Dinosaurs don’t kill people. People with dinosaurs kill people.
Another moving argument in the endless “dinosaurs carry law” circle of debate, fed to fatten the wallets of the dinosaur manufacturers. Or another cheap sci-fi flick about killer dinosaurs created in lab because some rich idiot had to burn some money in research for new bioweapons.
It’s also another Britishi production, as you can tell right away by the actors’ accents, them talking money in terms of “pounds”, with an opening scene about scientists 3D printing a dinosaur… which already sets up the “stupid” standard skyrocketing, as if most of the scientist acting with their mouth frozen in half-smiles wasn’t enough, and the special effects being so cheap, they just throw a “decapited” mannequin head with a wig on from off-screen to avoid showing anything.
The best actor is Steven Dolton as Prof. Peterson, he tries but like the entire small cast, acting is pretty dang wooden and not that convincing all around. Props as you can tell they were trying, and i’ve seen worse, these i can believe are actual actors, let’s say that.

To be frank i eventually wished for the production values of an Asylum flick, as most of KillerSaurus takes place in this dark laboratory-garage with minimal blue and red lights dimly illuminating anything, so it’s already not that pleasant to the eye, then there’s the fact the narrative is full of forced, contrived sequences of events as otherwise the plot just will never move, plenty of crowbarred exposition dialogues as a substitute to characters actually talking to each other like humans do, but worry not, there’s plenty of dull, boring dialogue.
Also, the execution is just incredibly awkward, which is unfortunate because the original plan of the scientist wasn’t just making a t-rex via advanced 3D printing, but he had to pivot its research in recreating lost limbs and such due to funding, and accepted to make a friggin T-Rex for a shadowy military organization, but the lab-o-saurus made a mess, hence the shutdown.

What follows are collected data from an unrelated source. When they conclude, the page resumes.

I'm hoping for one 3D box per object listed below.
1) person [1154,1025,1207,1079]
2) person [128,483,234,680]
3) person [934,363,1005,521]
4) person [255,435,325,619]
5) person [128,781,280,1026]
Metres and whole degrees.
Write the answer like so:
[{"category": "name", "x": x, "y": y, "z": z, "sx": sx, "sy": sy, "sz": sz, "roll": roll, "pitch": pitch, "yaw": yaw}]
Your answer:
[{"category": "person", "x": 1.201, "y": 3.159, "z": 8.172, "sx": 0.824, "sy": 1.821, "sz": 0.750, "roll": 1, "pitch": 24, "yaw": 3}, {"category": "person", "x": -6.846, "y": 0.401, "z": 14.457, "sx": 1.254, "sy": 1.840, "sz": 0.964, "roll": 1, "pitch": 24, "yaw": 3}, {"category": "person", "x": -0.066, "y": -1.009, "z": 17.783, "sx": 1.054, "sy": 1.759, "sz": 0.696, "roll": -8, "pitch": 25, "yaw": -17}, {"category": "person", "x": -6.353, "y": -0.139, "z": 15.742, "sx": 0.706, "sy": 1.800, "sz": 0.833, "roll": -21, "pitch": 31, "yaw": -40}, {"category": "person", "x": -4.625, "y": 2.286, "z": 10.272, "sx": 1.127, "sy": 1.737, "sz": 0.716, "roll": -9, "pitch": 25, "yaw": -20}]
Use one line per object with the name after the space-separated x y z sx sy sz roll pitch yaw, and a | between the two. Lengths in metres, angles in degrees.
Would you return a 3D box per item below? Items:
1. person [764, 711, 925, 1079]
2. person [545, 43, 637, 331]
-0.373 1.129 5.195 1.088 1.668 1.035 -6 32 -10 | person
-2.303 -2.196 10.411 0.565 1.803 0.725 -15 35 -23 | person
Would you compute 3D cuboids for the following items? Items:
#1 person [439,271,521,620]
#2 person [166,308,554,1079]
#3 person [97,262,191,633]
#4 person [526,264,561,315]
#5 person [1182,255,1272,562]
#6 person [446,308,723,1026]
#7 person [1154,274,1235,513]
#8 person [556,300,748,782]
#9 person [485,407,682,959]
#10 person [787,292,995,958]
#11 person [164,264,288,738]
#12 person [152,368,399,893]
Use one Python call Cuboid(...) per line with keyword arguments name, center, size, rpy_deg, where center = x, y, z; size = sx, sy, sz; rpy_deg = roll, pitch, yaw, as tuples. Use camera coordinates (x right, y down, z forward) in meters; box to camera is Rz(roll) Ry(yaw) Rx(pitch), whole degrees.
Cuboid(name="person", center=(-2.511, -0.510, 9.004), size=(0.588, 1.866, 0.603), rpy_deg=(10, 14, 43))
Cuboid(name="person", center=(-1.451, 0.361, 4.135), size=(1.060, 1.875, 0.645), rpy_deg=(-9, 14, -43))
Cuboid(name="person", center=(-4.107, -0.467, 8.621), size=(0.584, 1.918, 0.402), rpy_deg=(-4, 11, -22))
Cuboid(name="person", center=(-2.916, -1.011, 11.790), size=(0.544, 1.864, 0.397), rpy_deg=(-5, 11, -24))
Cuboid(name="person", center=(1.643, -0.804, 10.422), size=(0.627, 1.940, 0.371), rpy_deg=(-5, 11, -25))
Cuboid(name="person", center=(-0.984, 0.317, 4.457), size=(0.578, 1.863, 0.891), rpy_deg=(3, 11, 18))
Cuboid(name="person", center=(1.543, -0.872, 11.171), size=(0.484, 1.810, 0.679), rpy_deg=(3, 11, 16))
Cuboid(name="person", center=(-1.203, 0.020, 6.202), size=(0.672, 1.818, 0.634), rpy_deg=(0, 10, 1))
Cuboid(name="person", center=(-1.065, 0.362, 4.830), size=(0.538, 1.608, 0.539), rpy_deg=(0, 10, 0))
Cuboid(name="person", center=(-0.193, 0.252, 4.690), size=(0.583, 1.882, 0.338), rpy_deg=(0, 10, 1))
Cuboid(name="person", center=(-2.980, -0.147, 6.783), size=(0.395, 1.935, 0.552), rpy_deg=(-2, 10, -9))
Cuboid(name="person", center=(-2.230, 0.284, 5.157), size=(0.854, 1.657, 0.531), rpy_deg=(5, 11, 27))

It’s not the same old shit of “dinosaur created in a petri dish” because they try to work with the limitations of the budget and focus more on the characters’ agenda, there’s some effort in that (even a little twist), but it’s one of those where nothing really happens because there’s no budget to make things happen in any sense of the term, so most of the movie is three people talking (that are never properly shown) in a dimly lit office room, no action (and almost no gore) aside from some minutes of a very slightly moving puppet dinosaur attacking and a weird monster at the very end.
And this is one where the budgetary constraints end up being an unsurmontable obstacle all the way, as the film simply stops at the end, no real resolution or pay-off, just an abrupt stop.

It doesn’t help that none of the actors seem anywhere near comfortable in their roles, and a lot of the plot it’s contrived, unimaginative and just meanders about, with director-writer Steve Lawson that doesn’t really feel at ease with this kind of genre flick. Sorry, but this is a movie that struggles to even stage a telephone conversation in a convincing way. Not quite down to the desperation hole of having the actor imitate a phone ringing like in Monsters A-Go-Go, not that.
But still, it’s not AS bad as i was led to believe. It’s very, very hard to sit through (despite it being only 68 minutes plus credits), it’s dull, it’s mostly boring, and awkward, with some atmosphere at times, acting is wooden but acceptable considering it being a very, very cheap production, still floating above the “Polonia zone” but below the “Asylum Isle” in terms of budget. Sadly the monetary limitations here just completely strangle any chance for the movie to be entertaining, or even having any kind of closure. Or actually making proper use of the decent dinosaur puppet.
Very bad, and kinda pitiable, actually.
Even so, it’s “only” 3 out of 10 material, we can go deeper.